Nel frattempo la compagnia si occupa di ingegnerizzare microrganismi al fine di convertire lo zucchero in bio-carburante e, a tal proposito, anche la Synthetic Genomics fondata da Craig Venter si dedica alla produzione della quarta generazione di bio-fuels via biologia sintetica. E non sono i soli. Le big pharma avranno anche abbandonato l’uso della genomica per la medicina personalizzata, ma la medicina personalizzata è solo all’alba del suo potenziale: uno spunto ci viene dato da Andrew Hessel, altro entusiasta della biologia di sintesi e fondatore della Pink Army Cooperation, il cui scopo è, appunto, quello di combattere il cancro una persona alla volta. L’idea di fondo è sviluppare una cura che funzioni per un cancro dotato di nome e cognome in laboratori open source e ciò significa tagliare i costi di una manifattura su larga scala e accorciare di anni i tempi dei trials clinici. Gratuitamente. Non avendo intenzione di sviluppare medicinali su larga scala per un vasto numero di persone, ma solo per una, questa biotech company strutturata come una co-op può permettersi di focalizzarsi solo su un cancro “for free”: la medicina personalizzata è data gratuitamente al cliente in cambio della condivisione dei suoi effetti sul paziente per conoscerne l’efficienza.

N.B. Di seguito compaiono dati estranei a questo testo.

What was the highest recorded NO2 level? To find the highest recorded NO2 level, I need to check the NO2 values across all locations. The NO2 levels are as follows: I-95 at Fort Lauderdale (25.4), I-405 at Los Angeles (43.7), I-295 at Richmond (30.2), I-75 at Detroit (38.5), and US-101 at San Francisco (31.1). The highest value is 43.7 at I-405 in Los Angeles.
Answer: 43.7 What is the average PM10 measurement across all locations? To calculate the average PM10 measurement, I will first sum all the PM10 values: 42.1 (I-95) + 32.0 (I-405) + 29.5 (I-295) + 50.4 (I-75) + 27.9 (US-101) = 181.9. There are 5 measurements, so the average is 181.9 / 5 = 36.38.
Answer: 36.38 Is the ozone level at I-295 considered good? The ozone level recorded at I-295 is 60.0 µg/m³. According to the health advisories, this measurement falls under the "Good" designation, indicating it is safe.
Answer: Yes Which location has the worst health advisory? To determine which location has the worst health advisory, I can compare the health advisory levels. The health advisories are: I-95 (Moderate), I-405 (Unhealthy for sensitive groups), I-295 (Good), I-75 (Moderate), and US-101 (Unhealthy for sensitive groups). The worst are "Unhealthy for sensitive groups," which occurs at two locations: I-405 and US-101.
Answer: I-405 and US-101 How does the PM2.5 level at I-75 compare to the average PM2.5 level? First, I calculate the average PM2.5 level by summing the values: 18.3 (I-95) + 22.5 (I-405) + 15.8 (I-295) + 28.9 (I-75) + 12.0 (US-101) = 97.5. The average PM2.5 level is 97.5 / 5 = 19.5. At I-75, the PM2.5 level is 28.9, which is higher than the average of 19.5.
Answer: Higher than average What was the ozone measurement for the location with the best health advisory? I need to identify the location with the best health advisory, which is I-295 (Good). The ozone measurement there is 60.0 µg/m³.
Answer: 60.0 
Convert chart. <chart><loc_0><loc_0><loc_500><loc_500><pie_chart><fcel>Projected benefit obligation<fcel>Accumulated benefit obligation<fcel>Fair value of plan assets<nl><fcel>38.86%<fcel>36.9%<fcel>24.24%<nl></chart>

La proposta è anticonvenzionale e la definizione di quale modalità di accesso possa etichettare questo accordo tra paziente e ricercatore non è facile. Ad ogni modo vale la pena discutere di ciò e dello sviluppo dell’iter clinico, soprattutto in seguito ai risultati promettenti raggiunti col virus Ebola che ha costretto i ricercatori a tempi brevissimi per la creazione e la sperimentazione di un vaccino in Guinea, vaccino che avrebbe altrimenti impiegato anni ad essere approvato.


Andrew Hessel, con entusiasmo a dir poco virale, parla della virologia sintetica e del significato della Pink Army

Resta da menzionare l’accostamento che viene sovente fatto tra le biotecnologie emergenti e la rivoluzione digitale del personal computer, a partire dal garage. Esiste un movimento, chiamato DIY-bio, dove DIY sta per “Do It Yourself”, che si pone come obiettivo quello di rendere le biotecnologie accessibili a tutti, non solo agli esperti, ma anche e soprattutto ai non esperti. Sono laboratori sparsi per il mondo dalle disponibilità tecnologiche più diverse, dalle grandi città ai piccoli villaggi, il cui filo comune è appunto la possibilità per chiunque sia curioso di avvicinarsi ad un laboratorio, di seguire corsi, apprendere, educare, sperimentare e respirare un clima di totale apertura sia nei confronti delle persone sia delle idee. Il sentimento di fondo è il medesimo di iGEM, entrambi un impareggiabile strumento educativo e di divulgazione. Non a caso dall’anno scorso anche gli open lab possono gareggiare al pari dei team universitari nella competizione internazionale.

Qui il cerchio della nostra breve storia si chiude, ad anello. Come dice Ellen Jorgensen, uno dei fondatori di Genspace, il community lab aperto a Brooklyn cinque anni fa:

We hack hardware, software, wetware, and, of course, the code of life. We like to build things. Then we like to take things apart. We make things grow. We make things glow. And we make cells dance.

C’è da chiedersi se, dopo il personal computer, il prossimo step sarà il personal bio-lab… Non a caso si fanno chiamare bio-hackers. E se per fare l’albero ci vuole un seme, per fare il latte non serve più una mucca. Ecco in tavola un Real Vegan Cheese.